I wrote this for our church family’s Lenten devotional. I thought I would share it as we reflect on Jesus’ path to the cross this week:
“And when the sixth hour had come, there was darkness over the whole land until the ninth hour. And at the ninth hour Jesus cried with a loud voice, ‘Eloi, Eloi, lema sabachthani?’ which means ‘My God, my God, why have you forsaken me?’” Mark 15: 33-34 ESV
In his prayers and meditations, “On the Passion of Christ,” Thomas a Kempis writes, “Lord Jesus Christ, beloved son of the Father’s special love, I bless and thank you for your overpowering lone dereliction on the cross. In your most difficult hour you were abandoned by God the Father, by the entire heavenly host, and by all creatures of this earth. You felt as if you were a stranger or someone unknown, as if you were not the true Son of God, but one who was powerless and worthless.”

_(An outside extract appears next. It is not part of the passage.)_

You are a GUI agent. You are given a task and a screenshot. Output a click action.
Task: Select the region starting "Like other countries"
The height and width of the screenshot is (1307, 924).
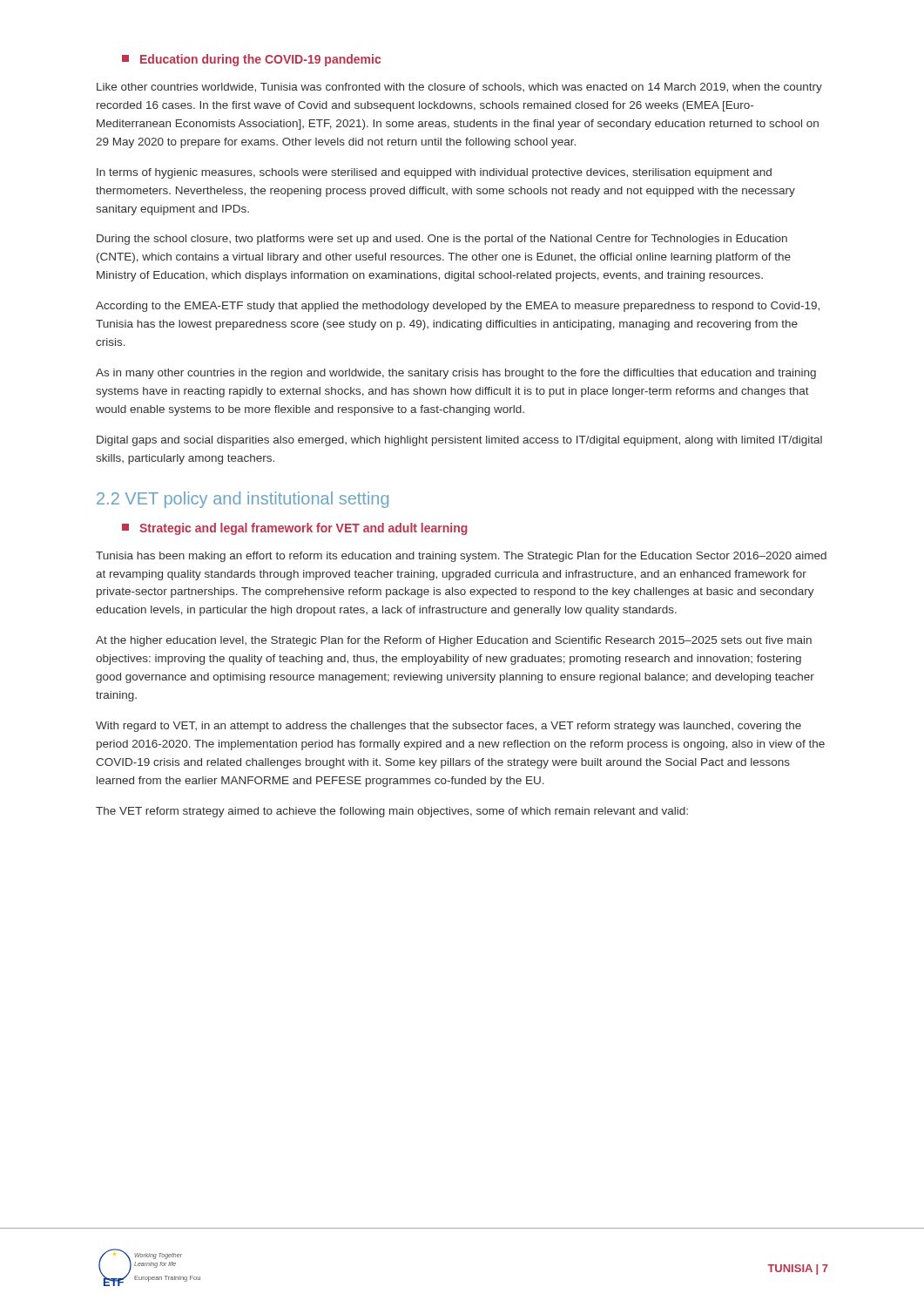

This commentary searches the depths of the Gospel. Jesus’ love for us is impossible for us to even comprehend. Jesus carried all our sin to the cross, and in the time that he hung there he felt our shame and our separation from God. As Paul says in 2 Corinthians 5:21, “For our sake he made him to be sin who knew no sin, so that in him we might become the righteousness of God.” That is the definition of grace: being given something that we clearly do not deserve.
Each day we are called to die to ourselves and to our sin anew. When we die to this sin by repenting of it, we are forgiven because of Jesus’ sacrifice on the cross, allowing us to live freely, fully devoted to God.
Dietrich Bonhoeffer is famously quoted as saying, “When Christ calls a man, he bids him come and die.” Being a Christian is not easy, but the reward is the riches of Christ.
Prayer: Father God, this Lent we recall Jesus’ passion and dwell there with him to feel the weight of this burden you carried for us. It is only through this pain that we can experience the joy of the resurrection on Sunday morning. Thank you. Thank you. We cannot thank you enough. Transform us. Sanctify us as your children that we may walk humbly before you, doing justice and having mercy. In the precious grace-filled name of Jesus. Amen.